Warning: long and complicated question incoming.
Some believe total functional programming is a valuable idea, and so is finding techniques for doing it. Minding that, how can I write a parser for a mutually recursive ADT without recursion and side effects? Here, I'm defining as "recursive" any term that isn't strongly normalizing.
What I have tried:
Mind this following mutually recursive ADT:
data Tree = Node Int [Tree]
tree = Node 10 [Node 20 [], Node 30 [], Node 40 []]
The value, tree
, could be serialized as:
tree_serial = [0,10,0,0,20,1,0,0,30,1,0,0,40,1,1] :: [Int]
Using ints for simplicity, here, 0
denotes the beginning of a Node
or a Cons
cell (depending on the state of the parser), 1 denotes Nil
and the remaining denotes data. We could easily write a parser for it using side effects:
var string = [0,10,0,0,20,1,0,0,30,1,0,0,40,1,1];
function parse(string){
function getInt(){
return string.shift();
};
function parseTree(){
var chr = getInt();
if (chr === 0)
return ["Node",getInt(),parseList()];
};
function parseList(){
var chr = getInt();
if (chr === 0)
return ["Cons",parseTree(),parseList()];
if (chr === 1)
return "Nil";
};
return parseTree();
};
console.log(JSON.stringify(parse(string)));
Here, getInt
is side-effective: it gets the next int from the string. We could easily and elegantly translate this to Haskell using Parsec or similar - but for better understanding, I skipped those and defined a stripped down parser type:
data Parser res = GetInt (Int -> Parser res) | Return res
runParser (GetInt fn) (c:cs) = runParser (fn c) cs
runParser (Return res) c = res
This works similar to a monadic parser, except more explicitly:
main = do
let parsePair = (GetInt (\a -> (GetInt (\b -> Return (a,b)))))

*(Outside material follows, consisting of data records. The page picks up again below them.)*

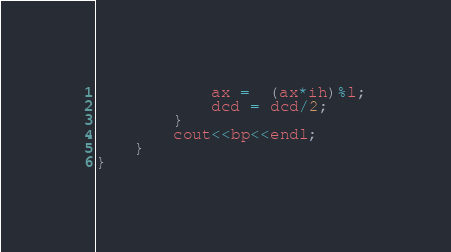<code> <loc_0><loc_0><loc_500><loc_500><_C++_>            ax =  (ax*ih)%l;
            dcd = dcd/2;
        }
        cout<<bp<<endl;
    }
}</code> 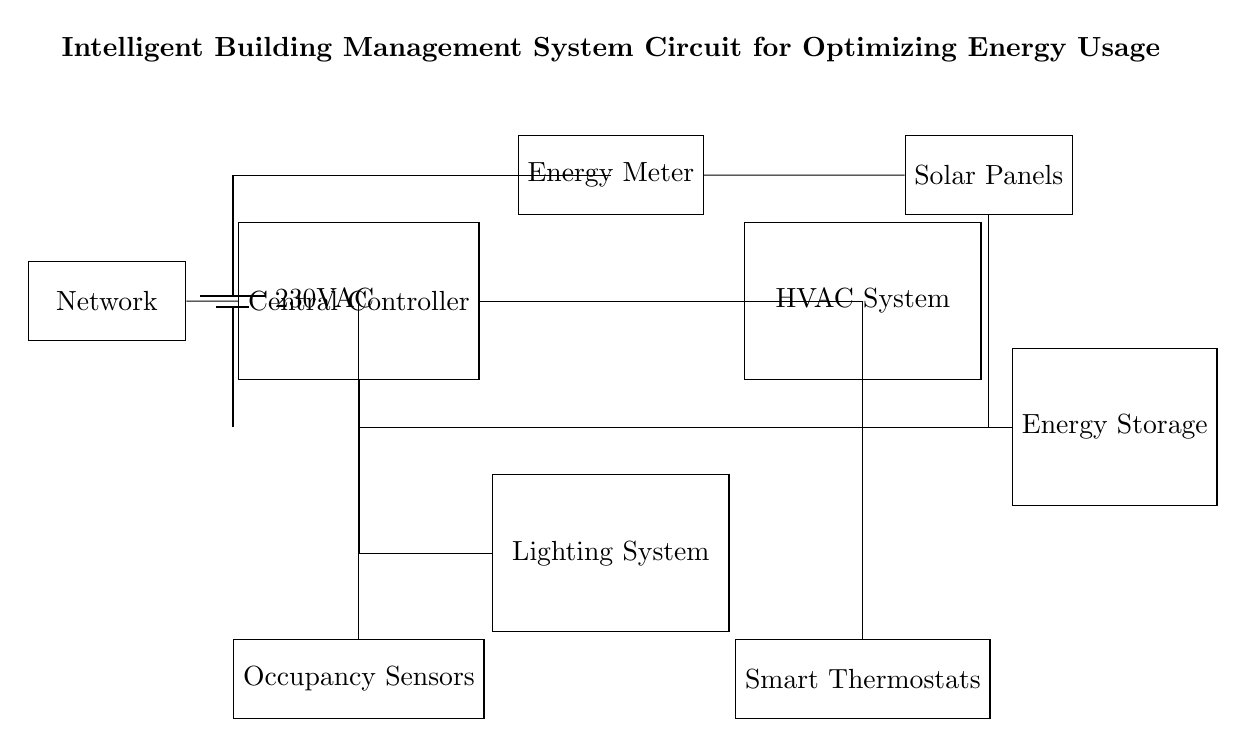what is the main power supply voltage for this circuit? The diagram indicates that the main power supply voltage is marked as 230 volts AC. This voltage is depicted by the battery symbol labeled with this specification.
Answer: 230 volts AC which component controls the HVAC system? The Central Controller is the component responsible for controlling the HVAC system in the circuit, as indicated by the direct connection between the controller and HVAC.
Answer: Central Controller how is the energy meter connected in the circuit? The Energy Meter is connected directly to the Main Power Supply and the Solar Panels, showing that it monitors the energy flowing from these components. This is evidenced by the straight connection lines depicted in the circuit.
Answer: Directly to the Main Power Supply and Solar Panels what is the function of the occupancy sensors in this system? The Occupancy Sensors are connected to the Central Controller, indicating that their function is likely to monitor the presence of occupants and relay this information to the controller for energy optimization decisions.
Answer: Monitor presence how does energy storage interact with solar panels and the central controller? The Energy Storage component receives energy from the Solar Panels via the connection indicated, and it also connects to the Central Controller. This indicates a bidirectional flow where stored energy can be monitored and managed by the controller for efficiency purposes.
Answer: Receives energy from solar panels and connects to Central Controller which system is connected to smart thermostats? The circuit shows that the Smart Thermostats are connected to the HVAC system, implying they are used for managing heating and cooling based on their programming, enhancing energy optimization.
Answer: HVAC system

print $ runParser parsePair [1,2,3,4,5]
Using this, we could define our parser without side effects:
data Tree = Node Int [Tree] deriving Show
parseTree = treeParser Return where
treeParser = (\ cont ->
GetInt (\ _ ->
GetInt (\ tag ->
listParser (\ listParsingResult ->
(cont (Node tag listParsingResult))))))
listParser = (\ cont ->
GetInt (\ a ->
if a == 0
then treeParser (\x -> listParser (\y -> cont (x : y)))
else cont []))
main = do
let treeData = [0,10,0,0,20,1,0,0,30,1,0,0,40,1,1]
print $ runParser parseTree treeData
This outputs Node 10 [Node 20 [],Node 30 [],Node 40 []]

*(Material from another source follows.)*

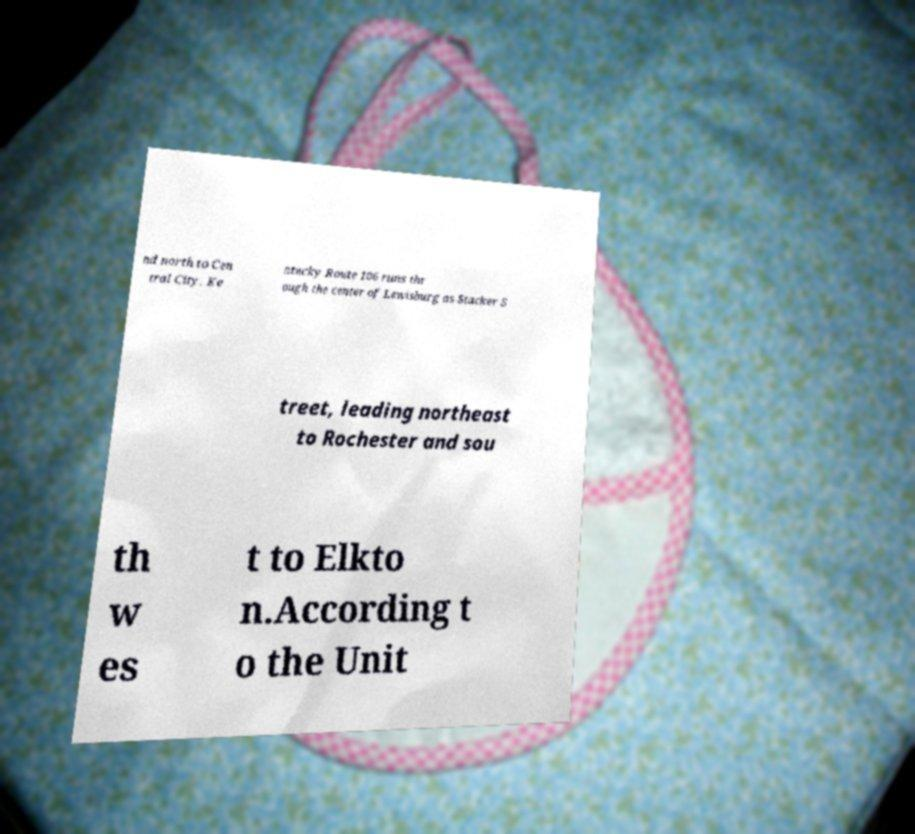What messages or text are displayed in this image? I need them in a readable, typed format. nd north to Cen tral City. Ke ntucky Route 106 runs thr ough the center of Lewisburg as Stacker S treet, leading northeast to Rochester and sou th w es t to Elkto n.According t o the Unit

, as expected. Notice this still uses recursion, and I had to use cont
to pass the control between the two recursive functions. Now, there are 2 strategies to get rid of recursion I'm aware of:
1. Use folds.
2. Use church numbers for bounded recursion.
Using folds is obviously not viable here, since there is no structure to fold on (we are building it!). If we were parsing a list instead of a Tree, using church numbers would be perfect since they work exactly like the Y-combinator for bounded recursion - and, knowing the length of the list, we could just write toChurch listLength listParser init
. The problem with this case, though, is that there is mutual recursion going on, and it is not obvious which church number to use. We have many layers of lists and trees of unpredictable lengths. Indeed, if we use a big enough church number, it works without recursion, but at the cost of added work. This is one of the last examples of an actually useful program I couldn't replicate "correctly" without recursion. Can it be done?

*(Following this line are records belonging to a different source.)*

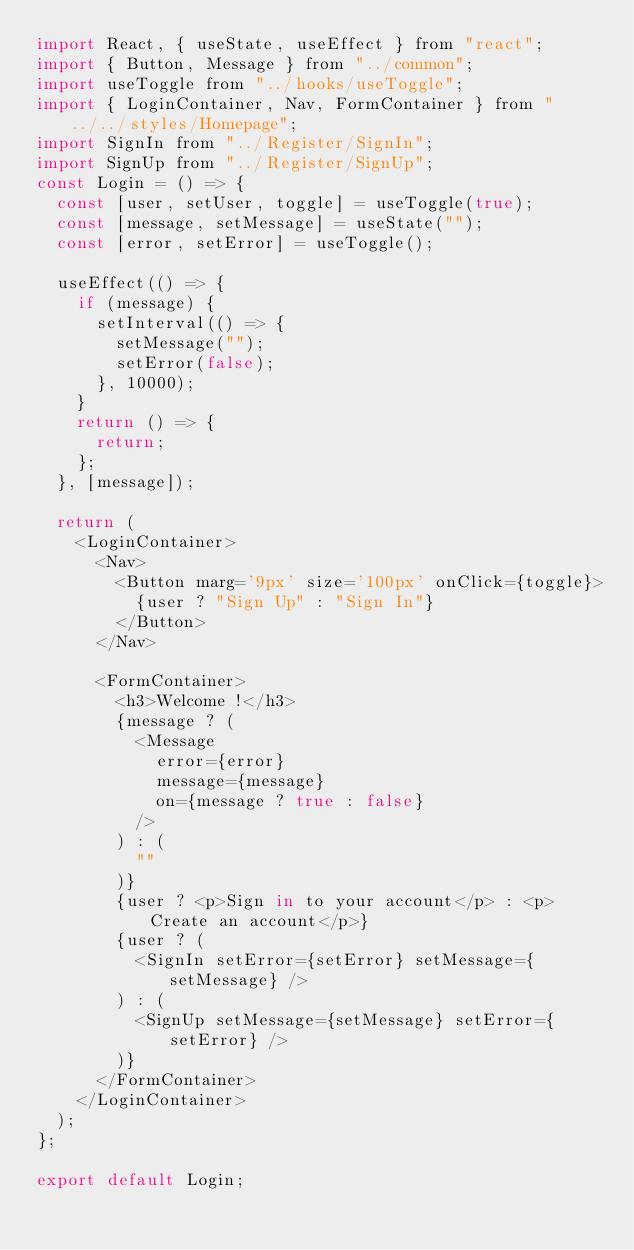Convert code to text. <code><loc_0><loc_0><loc_500><loc_500><_JavaScript_>import React, { useState, useEffect } from "react";
import { Button, Message } from "../common";
import useToggle from "../hooks/useToggle";
import { LoginContainer, Nav, FormContainer } from "../../styles/Homepage";
import SignIn from "../Register/SignIn";
import SignUp from "../Register/SignUp";
const Login = () => {
  const [user, setUser, toggle] = useToggle(true);
  const [message, setMessage] = useState("");
  const [error, setError] = useToggle();

  useEffect(() => {
    if (message) {
      setInterval(() => {
        setMessage("");
        setError(false);
      }, 10000);
    }
    return () => {
      return;
    };
  }, [message]);

  return (
    <LoginContainer>
      <Nav>
        <Button marg='9px' size='100px' onClick={toggle}>
          {user ? "Sign Up" : "Sign In"}
        </Button>
      </Nav>

      <FormContainer>
        <h3>Welcome !</h3>
        {message ? (
          <Message
            error={error}
            message={message}
            on={message ? true : false}
          />
        ) : (
          ""
        )}
        {user ? <p>Sign in to your account</p> : <p>Create an account</p>}
        {user ? (
          <SignIn setError={setError} setMessage={setMessage} />
        ) : (
          <SignUp setMessage={setMessage} setError={setError} />
        )}
      </FormContainer>
    </LoginContainer>
  );
};

export default Login;
</code>

For completeness, here is a JavaScript program which parses that tree without recursion, but using made-up church numbers:
function runParser(f){return function(str){
var a = f(str[0]);
return a(str.slice(1));
}};
function Const(a){return function(b){return a}};
function toChurch(n){return (function(f){return (function(a){
for (var i=0; i<n; ++i)
a = f(a);
return a;
}) }) };
function parser(get){
return toChurch(50)(function(rec){
return function (res){
return get(function(a){
return [get(function(b){
return toChurch(50)(function(recl){
return function(res){
return get(function(a){
return [
rec(function(a){
return recl(function(b){
return res(["Cons",a,b])
})
}),
res("Nil")][a];
});
};
})(0)(function(x){return res(["Node",b,x])});
})][a];
});
};
})(0)(Const);
};
var string = [0,200,0,0,300,0,0,400,1,0,0,500,1,0,0,500,1,1,0,0,600,0,0,700,1,0,0,800,1,0,0,900,1,1,1];
console.log(JSON.stringify(parser(runParser)(string)));
Notice that 50
constant inside the parser
function: it is completely arbitrary as a bound. I'm not sure there are "right" choices for those which would "fit perfectly" a specific parseable value.